Here is this week's lesson. Check back on Tuesdays for Monday Night's Action.
Week 1
Jason David + new team + high stepping into endzone after fumble recovery = Toast burning
Marvin Harrison + age - toughness = A new #1 in Indy, Reggie Wayne
Colts D + healthy Bob Sanders = Decent D
Manning + Harrison + Wayne + Addai + Clark = Kick Ass O
Favre + McNabb = Old Shitty has beens
JP Losman + Phillip Rivers = New Shitty never will be(s)
Manning + Brady = Men among Boys
Mike Tomlin + Haircut + bad acting = Omar Epps
Roethlisberger - pressure in the pocket + playing against the Cleveland Browns = false sense of worth. He will betray you Pittsburg. Mark my words!
Bitterness + Despair - A reason to believe that anything will ever be good again = Every Cleveland Browns fan tonight
Broncos + field goals = Same old same old. Can't this team figure out an offensive rhythm and score some damn TDs?
16-13 = Score of Packers/Eagles = Score of Redskins/Dolphins = The score of every shitty SEC game I can remember
The dump you take after eating Taco Bell + a human form = Joey Harrington
The dump you take after eating Taco Bell + a human form - any shred of talent = Rex Grossman
Rivers throwing passes + Grossman throwing passes + LT throwing passes = Little doubt who the best QB in this group is
Notre Dame's offense + Michigan's defense = The 2007 Kansas City Chiefs
45 minutes into the first Bears game of the year + or - a few minutes = The amount of time it takes for Mike Brown to get injured and be out for the season
Mario Williams + 2 sacks + 5 tackles + TD = Absolute positive proof that not taking Bush or Young with the first pick was 100% the right decision...right?
Houston Texans + Tied for 1st Place this week = The best week of every Texans fan's life
Brady + Moss = Scary for Colt fans
Moss' ego + 15 remaining regular season games = Reassuring for Colt fans
Infinity + Infinity = Time Brady had in the pocket against the toothless Jets D line
Infinity x Infinity = Number of Erectile Dysfunction commercials I saw this weekend during football games. Are football fans all as impotent as the Jets D?

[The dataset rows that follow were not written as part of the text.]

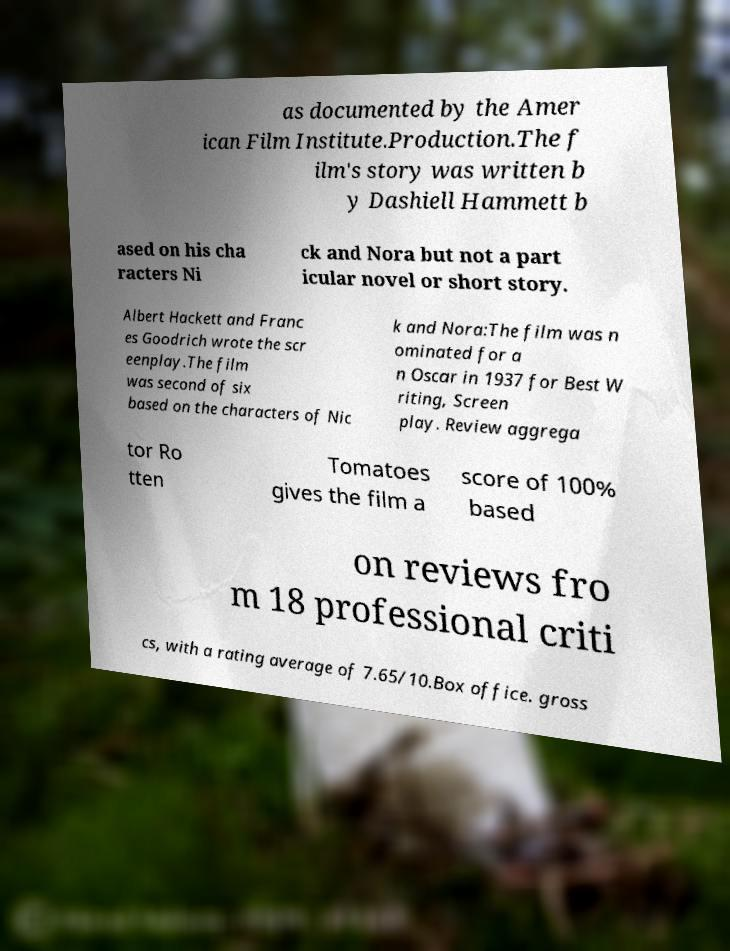Could you assist in decoding the text presented in this image and type it out clearly? as documented by the Amer ican Film Institute.Production.The f ilm's story was written b y Dashiell Hammett b ased on his cha racters Ni ck and Nora but not a part icular novel or short story. Albert Hackett and Franc es Goodrich wrote the scr eenplay.The film was second of six based on the characters of Nic k and Nora:The film was n ominated for a n Oscar in 1937 for Best W riting, Screen play. Review aggrega tor Ro tten Tomatoes gives the film a score of 100% based on reviews fro m 18 professional criti cs, with a rating average of 7.65/10.Box office. gross 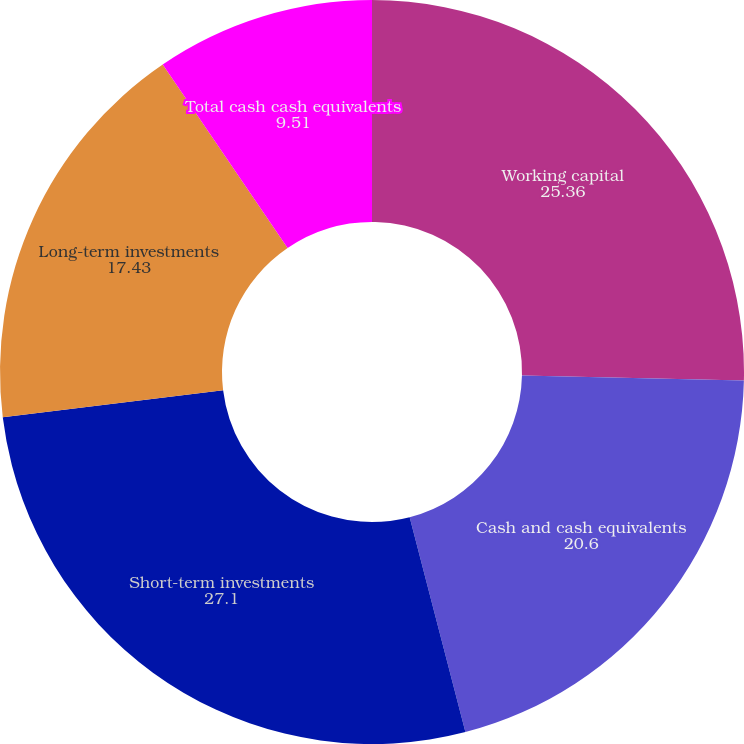Convert chart to OTSL. <chart><loc_0><loc_0><loc_500><loc_500><pie_chart><fcel>Working capital<fcel>Cash and cash equivalents<fcel>Short-term investments<fcel>Long-term investments<fcel>Total cash cash equivalents<nl><fcel>25.36%<fcel>20.6%<fcel>27.1%<fcel>17.43%<fcel>9.51%<nl></chart> 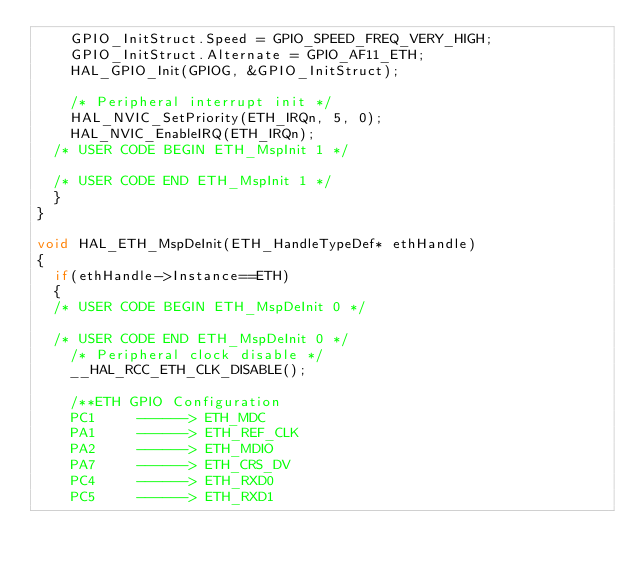Convert code to text. <code><loc_0><loc_0><loc_500><loc_500><_C_>    GPIO_InitStruct.Speed = GPIO_SPEED_FREQ_VERY_HIGH;
    GPIO_InitStruct.Alternate = GPIO_AF11_ETH;
    HAL_GPIO_Init(GPIOG, &GPIO_InitStruct);

    /* Peripheral interrupt init */
    HAL_NVIC_SetPriority(ETH_IRQn, 5, 0);
    HAL_NVIC_EnableIRQ(ETH_IRQn);
  /* USER CODE BEGIN ETH_MspInit 1 */

  /* USER CODE END ETH_MspInit 1 */
  }
}

void HAL_ETH_MspDeInit(ETH_HandleTypeDef* ethHandle)
{
  if(ethHandle->Instance==ETH)
  {
  /* USER CODE BEGIN ETH_MspDeInit 0 */

  /* USER CODE END ETH_MspDeInit 0 */
    /* Peripheral clock disable */
    __HAL_RCC_ETH_CLK_DISABLE();
  
    /**ETH GPIO Configuration    
    PC1     ------> ETH_MDC
    PA1     ------> ETH_REF_CLK
    PA2     ------> ETH_MDIO
    PA7     ------> ETH_CRS_DV
    PC4     ------> ETH_RXD0
    PC5     ------> ETH_RXD1</code>

Justin Timberlake + Puppies + Richard Simmons = 3 things more threatening than the Tampa Bucs Offense
George Bush - relevance + belief that he is ruining the country + lame duck status = Tom Coughlin
78 yards passing + INT + Rushing TD = Mike Vick like stats that Vince Young had in a victory
Vince Young + off season attitude + sense of entitlement = If I'm a dog in the Nashville area I'm scared shitless cause this guy is going Vick on our asses!
Jacksonville - Leftwich + Garrard = The exact same inconsistent football team that we all know and are indifferent to. If the Jacksonville Jaguars disappeared off the face of the Earth, wouldn't it take 3 weeks before any NFL fan noticed?
NFL team - heart - talent - any sort of organizational skill = The Oakland Raiders
Detroit + 1 win = 1 more win than most of their fans thought they would have this season
Adrian Peterson + Daylight = Paydirt
Atlanta Falcons - Mike Vick + Joey Harrington = What that cunt Petrino deserves! I hate him and I hate his stupid ass face!!!
Tarvaris Jackson - a clue = Jason Campbell
Eagles punt returners - hands - common sense = Eagles punt returners on Sunday
Steven Jackson + game 1 performace = Playing at least 15 snaps next preseason
Carolina + Expectations = Failed Expectations
Wade Phillips + A CB radio = Extra in Smokey and the Bandit
Dallas Receivers + Giants D = Fire Coughlin chant at the Meadowlands or much entertainment for me
TO + 2 touchdowns / Randy Moss + 9 catches = Don't let us down Ocho Cinco!